Yargıtay Başkanlar Kurulu'ndan 'meşruluk' vurgusu

Yargıtay Başkanlar Kurulu, Anayasa'da çok kısa süre içerisinde gerçekleştirilmek istenen temel değişikliklerin, haklı nedenleri olsa bile genel kabul görebilecek değişiklikler biçiminde olmamasının, kısa sürede toplum vicdanında rahatsızlık yaratması ve mevcut Anayasa'da olduğu gibi, meşruluk tartışmasına sebebiyet vermesinin kaçınılmaz olduğunu bildirdi.

cumhuriyet.com.tr

Yargıtay Başkanlar Kurulu'ndan yapılan yazılı açıklamada, "Türkiye Cumhuriyeti Anayasası'nın Bazı Maddelerinde Değişiklik Yapılması'' hakkındaki teklif edilen metinin, Anayasa'nın temel ve değiştirilemez ilkelerinden birini oluşturan ''Hukuk Devleti'' ile ilgili olduğu kaydedildi.

Hukuk Devletinin temel felsefesinin ise kuvvetler/erkler ayrılığına dayandığı belirtilen açıklamada, ''Erkler ayrılığında, daha doğrusu hukuk devletinde, bağımsız yargının doğal olarak asıl yetki ve görevi yasama ve yürütmenin işlemlerini denetlemektir. Yargı, yasama organınca/erkince çıkarılan yasaların yorumunu yapar. Yargının hukuksal yorumu bağlayıcıdır. Böylece yargı, yürütme ve yasamanın işlem ve faaliyetlerinin hukuk çerçevesi içinde kalmasını sağlar. Demokratik sistemde kuvvetler/erkler ayrılığını korumak, yasaları yorumlayarak yaşama geçirmek yargının görevidir'' denildi.

Bu bağlamda, ''Yargı Bağımsızlığı''nın, demokrasinin, hukukun üstünlüğünün olmazsa olmaz koşulu olduğu kaydedilen açıklamada, adalete, yansızlığa ancak, bağımsız yargıyla ulaşılabileceği belirtildi.

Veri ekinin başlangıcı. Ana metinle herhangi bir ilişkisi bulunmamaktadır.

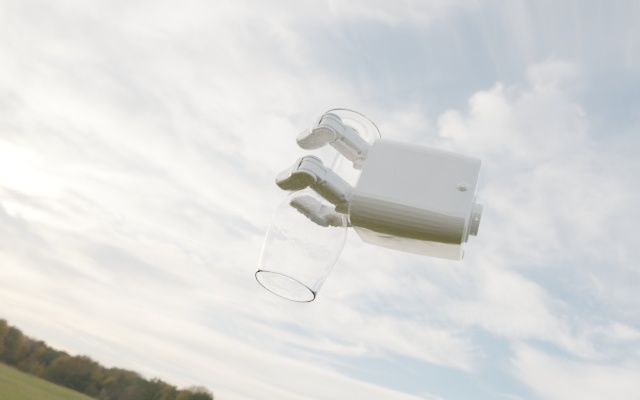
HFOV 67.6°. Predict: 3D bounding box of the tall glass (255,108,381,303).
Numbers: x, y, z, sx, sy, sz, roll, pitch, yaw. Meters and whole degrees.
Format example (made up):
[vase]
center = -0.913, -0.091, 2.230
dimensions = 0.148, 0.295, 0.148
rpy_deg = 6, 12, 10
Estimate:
[tall glass]
center = 0.000, 0.001, 0.495
dimensions = 0.079, 0.201, 0.079
rpy_deg = 17, -30, 10
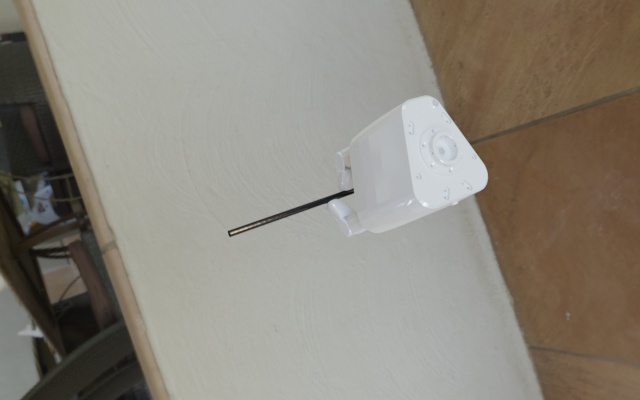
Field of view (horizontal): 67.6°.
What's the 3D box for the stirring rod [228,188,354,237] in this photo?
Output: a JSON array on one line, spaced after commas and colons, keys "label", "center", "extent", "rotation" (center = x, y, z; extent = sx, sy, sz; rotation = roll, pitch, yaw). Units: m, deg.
[{"label": "stirring rod", "center": [0.000, 0.002, 0.584], "extent": [0.239, 0.011, 0.011], "rotation": [-19, 9, -27]}]
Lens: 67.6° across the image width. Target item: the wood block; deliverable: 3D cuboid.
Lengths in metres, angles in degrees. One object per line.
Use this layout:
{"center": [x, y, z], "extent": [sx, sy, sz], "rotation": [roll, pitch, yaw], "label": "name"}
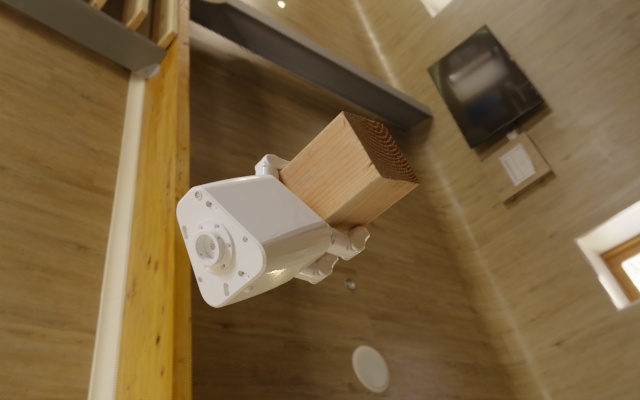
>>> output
{"center": [0.000, 0.002, 0.567], "extent": [0.206, 0.090, 0.090], "rotation": [-40, -26, 29], "label": "wood block"}
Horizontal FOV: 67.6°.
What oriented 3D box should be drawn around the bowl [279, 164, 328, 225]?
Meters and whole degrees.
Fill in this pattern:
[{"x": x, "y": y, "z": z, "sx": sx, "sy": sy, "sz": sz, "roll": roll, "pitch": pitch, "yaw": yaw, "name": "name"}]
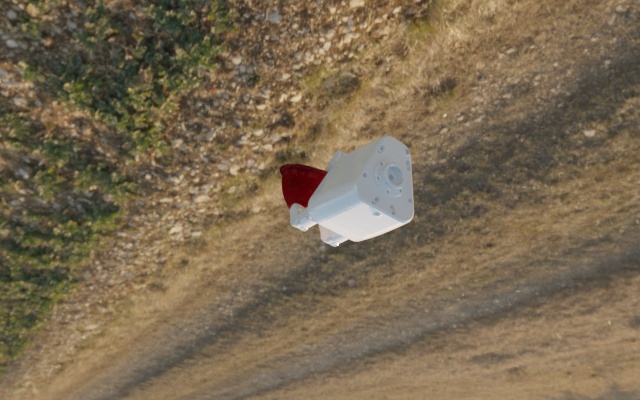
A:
[{"x": 0.000, "y": 0.003, "z": 0.761, "sx": 0.162, "sy": 0.055, "sz": 0.162, "roll": 21, "pitch": -14, "yaw": 5, "name": "bowl"}]
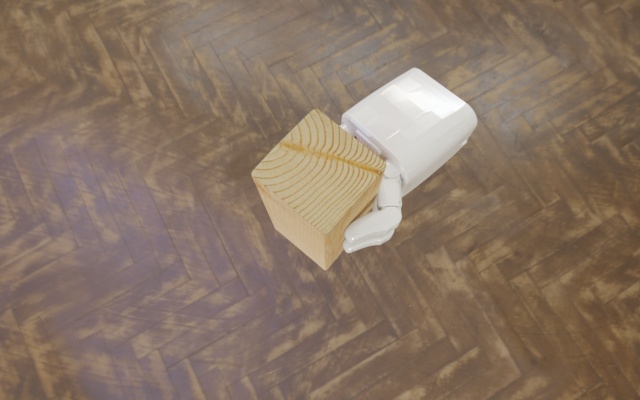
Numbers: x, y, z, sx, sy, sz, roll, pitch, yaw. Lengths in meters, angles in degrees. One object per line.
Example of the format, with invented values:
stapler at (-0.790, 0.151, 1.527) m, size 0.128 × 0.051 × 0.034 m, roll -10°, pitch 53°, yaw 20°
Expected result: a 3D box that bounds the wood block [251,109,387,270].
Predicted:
wood block at (0.000, 0.001, 0.524) m, size 0.091 × 0.090 × 0.206 m, roll 40°, pitch -12°, yaw 12°
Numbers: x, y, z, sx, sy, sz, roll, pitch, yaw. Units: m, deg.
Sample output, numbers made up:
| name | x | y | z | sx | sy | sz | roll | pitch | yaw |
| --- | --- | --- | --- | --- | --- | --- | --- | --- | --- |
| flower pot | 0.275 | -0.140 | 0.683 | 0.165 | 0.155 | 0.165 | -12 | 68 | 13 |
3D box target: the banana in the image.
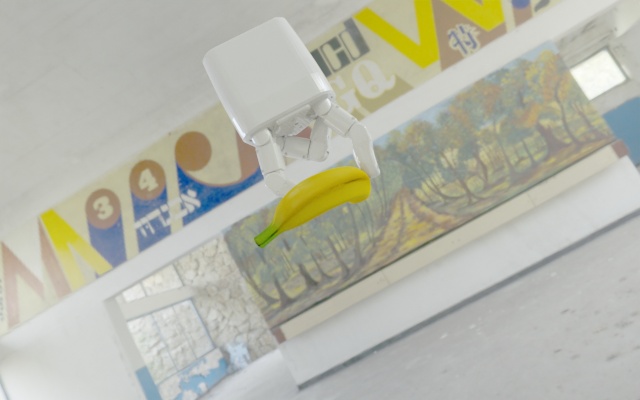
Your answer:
| name | x | y | z | sx | sy | sz | roll | pitch | yaw |
| --- | --- | --- | --- | --- | --- | --- | --- | --- | --- |
| banana | 0.011 | -0.007 | 0.479 | 0.070 | 0.037 | 0.198 | -36 | -9 | 33 |
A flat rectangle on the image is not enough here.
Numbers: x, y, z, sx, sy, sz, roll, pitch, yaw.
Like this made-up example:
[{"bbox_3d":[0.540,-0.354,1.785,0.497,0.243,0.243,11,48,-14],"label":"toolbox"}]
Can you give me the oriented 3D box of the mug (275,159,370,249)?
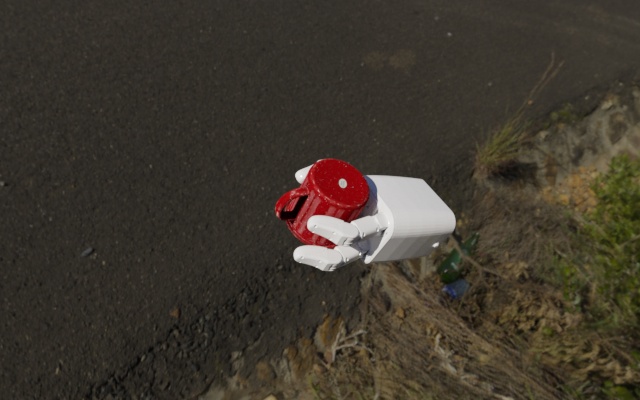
[{"bbox_3d":[-0.001,0.002,0.599,0.117,0.093,0.081,-1,-38,-28],"label":"mug"}]
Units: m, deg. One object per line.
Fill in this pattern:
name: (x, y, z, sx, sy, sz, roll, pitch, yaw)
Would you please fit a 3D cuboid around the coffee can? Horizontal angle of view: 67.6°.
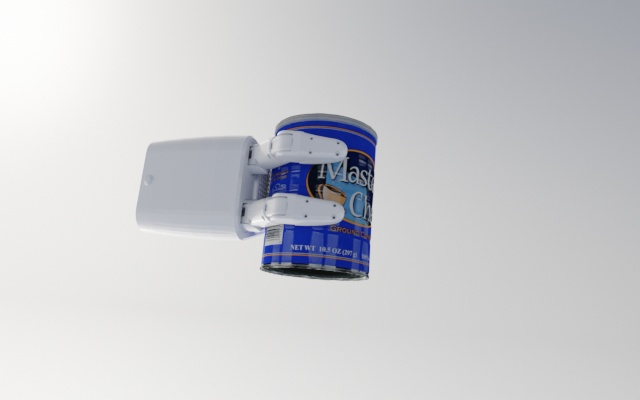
coffee can: (0.000, 0.001, 0.460, 0.103, 0.140, 0.103, 5, -14, 1)
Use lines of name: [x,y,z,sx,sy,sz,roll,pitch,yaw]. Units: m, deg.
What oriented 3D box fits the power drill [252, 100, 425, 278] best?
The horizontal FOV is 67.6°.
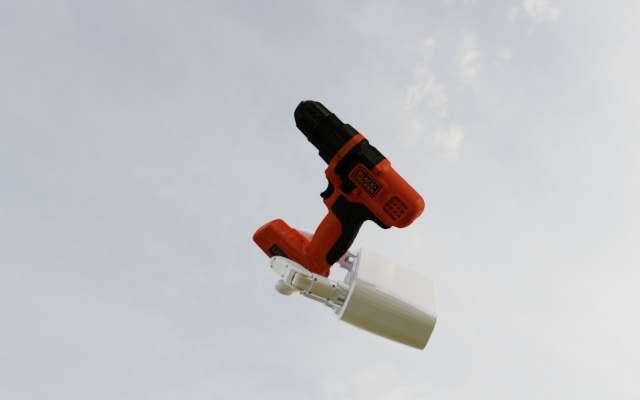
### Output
power drill: [0.000,0.002,0.562,0.188,0.184,0.057,-49,-10,28]
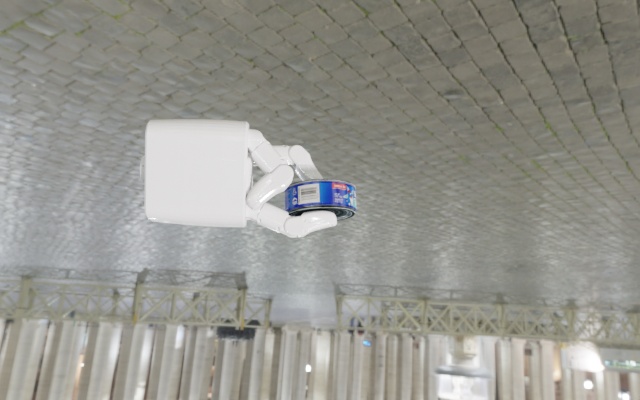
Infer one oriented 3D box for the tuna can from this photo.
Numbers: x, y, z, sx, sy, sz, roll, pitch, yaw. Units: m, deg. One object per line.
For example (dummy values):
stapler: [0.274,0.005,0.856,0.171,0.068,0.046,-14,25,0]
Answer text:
tuna can: [0.000,0.002,0.568,0.086,0.033,0.086,-2,-14,-1]
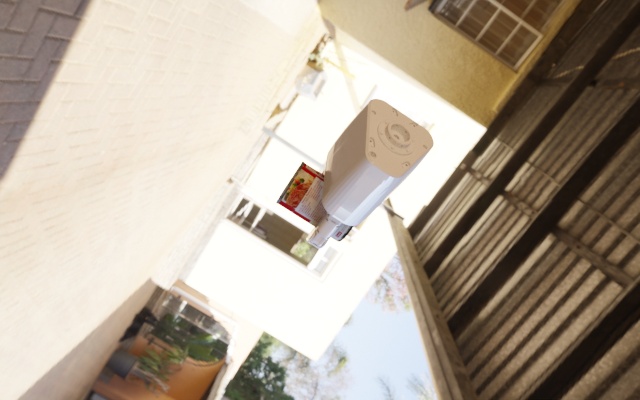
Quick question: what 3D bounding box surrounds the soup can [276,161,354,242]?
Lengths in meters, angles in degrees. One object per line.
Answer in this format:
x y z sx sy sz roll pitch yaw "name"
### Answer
0.000 0.003 0.648 0.102 0.068 0.068 33 -4 -6 "soup can"

Açıklamada, ''Yargı bağımsızlığını sağlayamamış bir toplum, hukuk dışı yönetime boyun eğmek zorundadır. Böyle bir yönetimin adı ise demokrasi değildir'' görüşü savunuldu.

Anayasa'nın, toplumun temel yasası ve bir toplum sözleşmesi olduğu vurgulanan açıklamada, dolayısıyla Anayasa'da gerçekleştirilecek temel değişikliklerin öncelikle tüm toplum kesimlerinin görüşlerinin yansıtılması suretiyle hazırlanmasında zorunluluk olduğu ifade edildi.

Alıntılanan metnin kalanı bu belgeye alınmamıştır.